-------- Data supplied --------

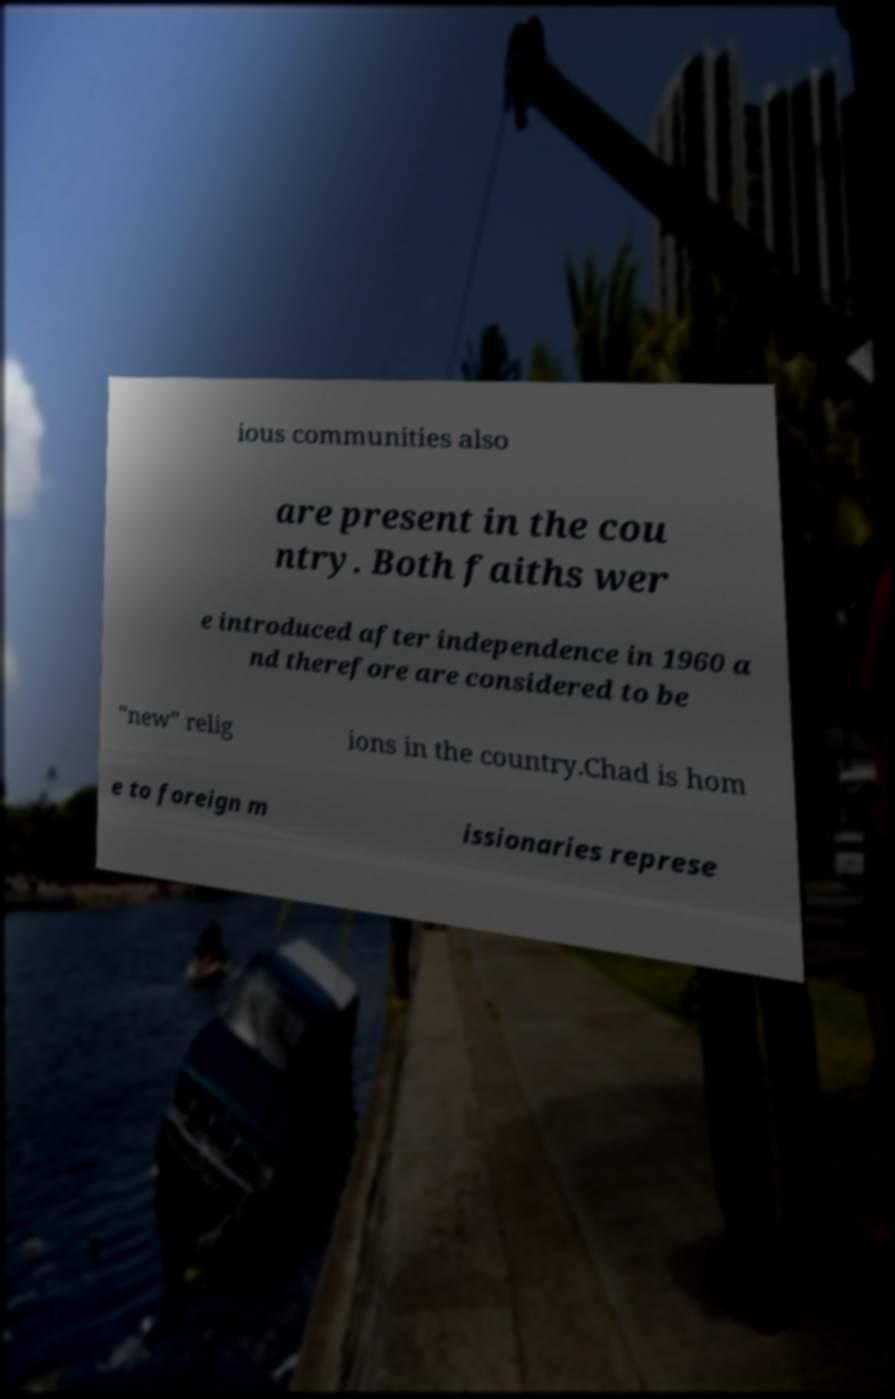Could you assist in decoding the text presented in this image and type it out clearly? ious communities also are present in the cou ntry. Both faiths wer e introduced after independence in 1960 a nd therefore are considered to be "new" relig ions in the country.Chad is hom e to foreign m issionaries represe 
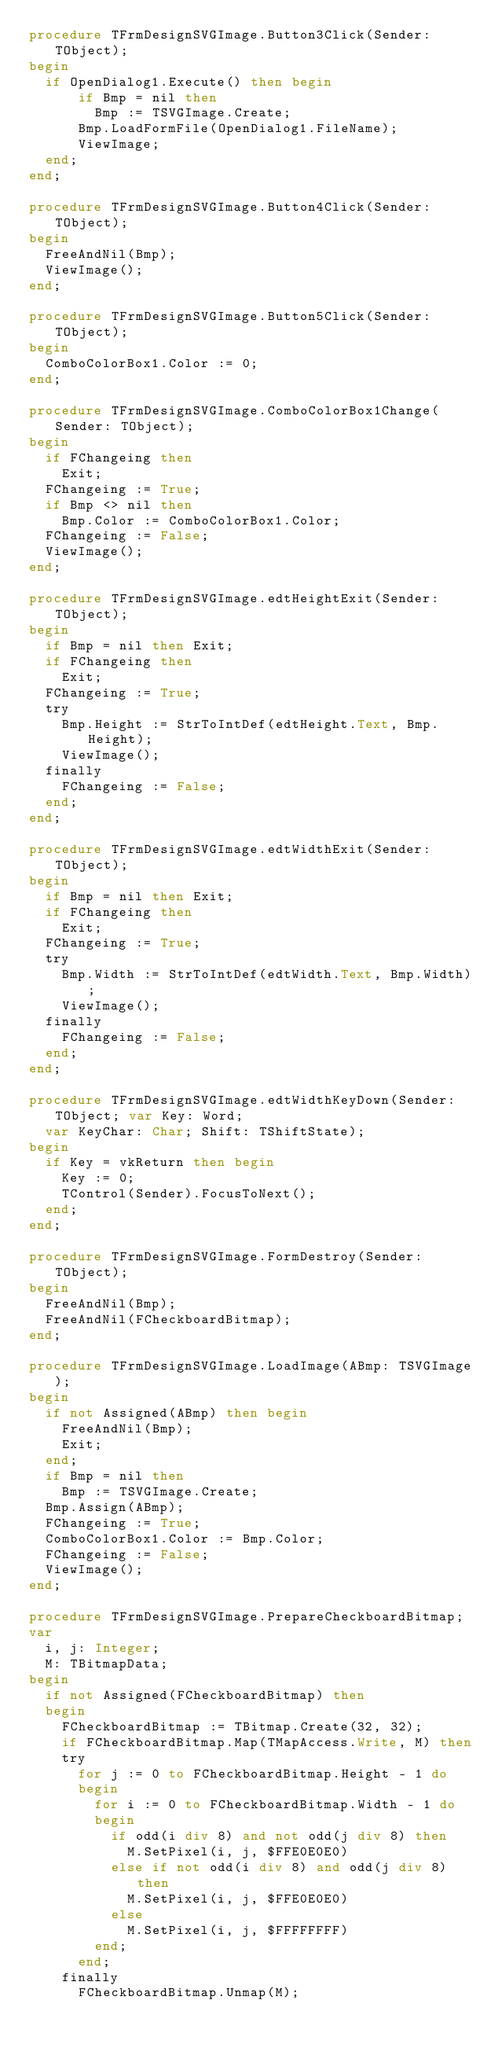Convert code to text. <code><loc_0><loc_0><loc_500><loc_500><_Pascal_>procedure TFrmDesignSVGImage.Button3Click(Sender: TObject);
begin
  if OpenDialog1.Execute() then begin
      if Bmp = nil then
        Bmp := TSVGImage.Create;
      Bmp.LoadFormFile(OpenDialog1.FileName);
      ViewImage;
  end;
end;

procedure TFrmDesignSVGImage.Button4Click(Sender: TObject);
begin
  FreeAndNil(Bmp);
  ViewImage();
end;

procedure TFrmDesignSVGImage.Button5Click(Sender: TObject);
begin
  ComboColorBox1.Color := 0;
end;

procedure TFrmDesignSVGImage.ComboColorBox1Change(Sender: TObject);
begin
  if FChangeing then
    Exit;
  FChangeing := True;
  if Bmp <> nil then
    Bmp.Color := ComboColorBox1.Color;
  FChangeing := False;
  ViewImage();
end;

procedure TFrmDesignSVGImage.edtHeightExit(Sender: TObject);
begin
  if Bmp = nil then Exit;
  if FChangeing then
    Exit;
  FChangeing := True;
  try
    Bmp.Height := StrToIntDef(edtHeight.Text, Bmp.Height);
    ViewImage();
  finally
    FChangeing := False;
  end;
end;

procedure TFrmDesignSVGImage.edtWidthExit(Sender: TObject);
begin
  if Bmp = nil then Exit;
  if FChangeing then
    Exit;
  FChangeing := True;
  try
    Bmp.Width := StrToIntDef(edtWidth.Text, Bmp.Width);
    ViewImage();
  finally
    FChangeing := False;
  end;
end;

procedure TFrmDesignSVGImage.edtWidthKeyDown(Sender: TObject; var Key: Word;
  var KeyChar: Char; Shift: TShiftState);
begin
  if Key = vkReturn then begin
    Key := 0;
    TControl(Sender).FocusToNext();
  end;
end;

procedure TFrmDesignSVGImage.FormDestroy(Sender: TObject);
begin
  FreeAndNil(Bmp);
  FreeAndNil(FCheckboardBitmap);
end;

procedure TFrmDesignSVGImage.LoadImage(ABmp: TSVGImage);
begin
  if not Assigned(ABmp) then begin
    FreeAndNil(Bmp);
    Exit;
  end;
  if Bmp = nil then
    Bmp := TSVGImage.Create;
  Bmp.Assign(ABmp);
  FChangeing := True;
  ComboColorBox1.Color := Bmp.Color;
  FChangeing := False;
  ViewImage();
end;

procedure TFrmDesignSVGImage.PrepareCheckboardBitmap;
var
  i, j: Integer;
  M: TBitmapData;
begin
  if not Assigned(FCheckboardBitmap) then
  begin
    FCheckboardBitmap := TBitmap.Create(32, 32);
    if FCheckboardBitmap.Map(TMapAccess.Write, M) then
    try
      for j := 0 to FCheckboardBitmap.Height - 1 do
      begin
        for i := 0 to FCheckboardBitmap.Width - 1 do
        begin
          if odd(i div 8) and not odd(j div 8) then
            M.SetPixel(i, j, $FFE0E0E0)
          else if not odd(i div 8) and odd(j div 8) then
            M.SetPixel(i, j, $FFE0E0E0)
          else
            M.SetPixel(i, j, $FFFFFFFF)
        end;
      end;
    finally
      FCheckboardBitmap.Unmap(M);</code> 
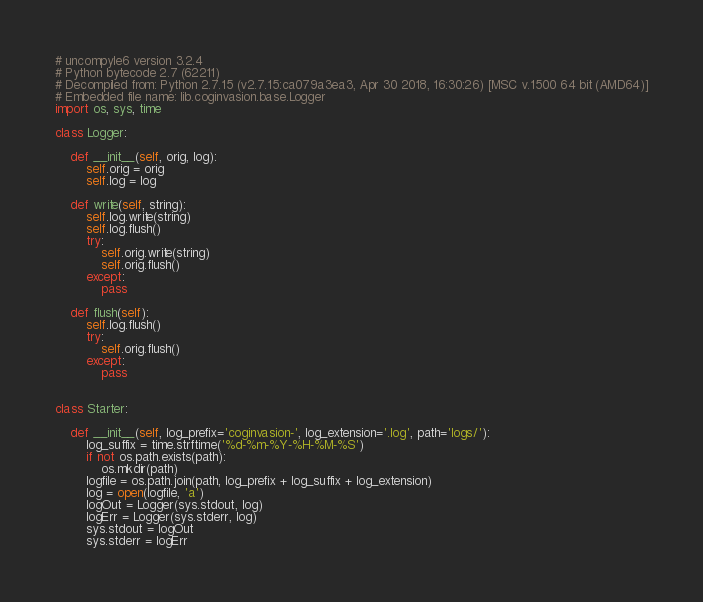Convert code to text. <code><loc_0><loc_0><loc_500><loc_500><_Python_># uncompyle6 version 3.2.4
# Python bytecode 2.7 (62211)
# Decompiled from: Python 2.7.15 (v2.7.15:ca079a3ea3, Apr 30 2018, 16:30:26) [MSC v.1500 64 bit (AMD64)]
# Embedded file name: lib.coginvasion.base.Logger
import os, sys, time

class Logger:

    def __init__(self, orig, log):
        self.orig = orig
        self.log = log

    def write(self, string):
        self.log.write(string)
        self.log.flush()
        try:
            self.orig.write(string)
            self.orig.flush()
        except:
            pass

    def flush(self):
        self.log.flush()
        try:
            self.orig.flush()
        except:
            pass


class Starter:

    def __init__(self, log_prefix='coginvasion-', log_extension='.log', path='logs/'):
        log_suffix = time.strftime('%d-%m-%Y-%H-%M-%S')
        if not os.path.exists(path):
            os.mkdir(path)
        logfile = os.path.join(path, log_prefix + log_suffix + log_extension)
        log = open(logfile, 'a')
        logOut = Logger(sys.stdout, log)
        logErr = Logger(sys.stderr, log)
        sys.stdout = logOut
        sys.stderr = logErr</code> 
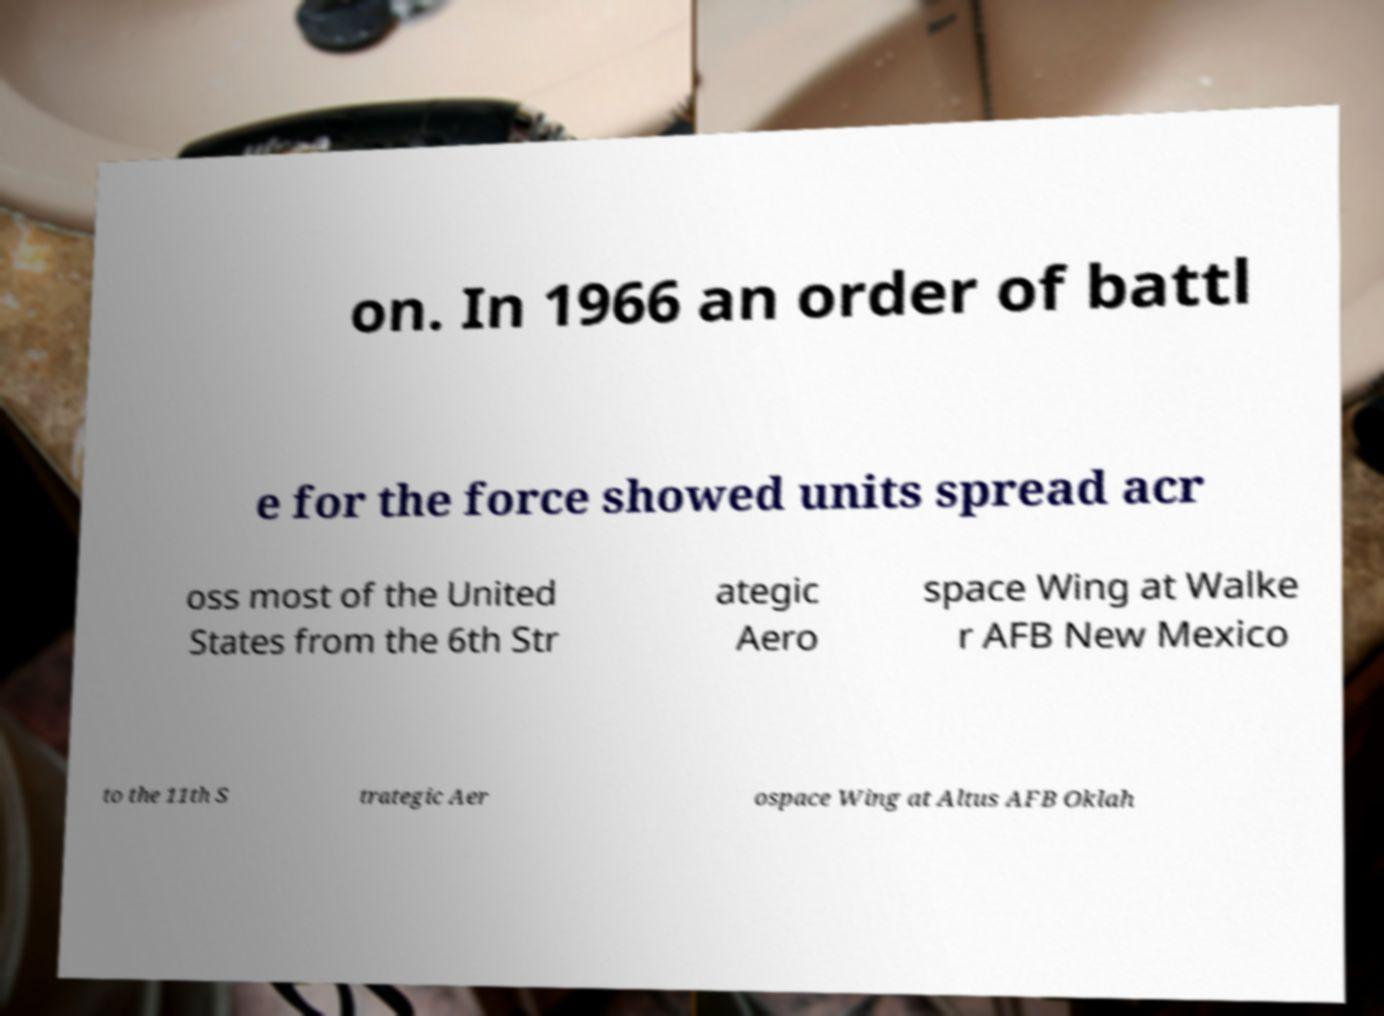What messages or text are displayed in this image? I need them in a readable, typed format. on. In 1966 an order of battl e for the force showed units spread acr oss most of the United States from the 6th Str ategic Aero space Wing at Walke r AFB New Mexico to the 11th S trategic Aer ospace Wing at Altus AFB Oklah

--------

In the records above, which lines hold the string "StrToIntDef"? Copy each one.

§ Response area:
    Bmp.Height := StrToIntDef(edtHeight.Text, Bmp.Height);
    Bmp.Width := StrToIntDef(edtWidth.Text, Bmp.Width);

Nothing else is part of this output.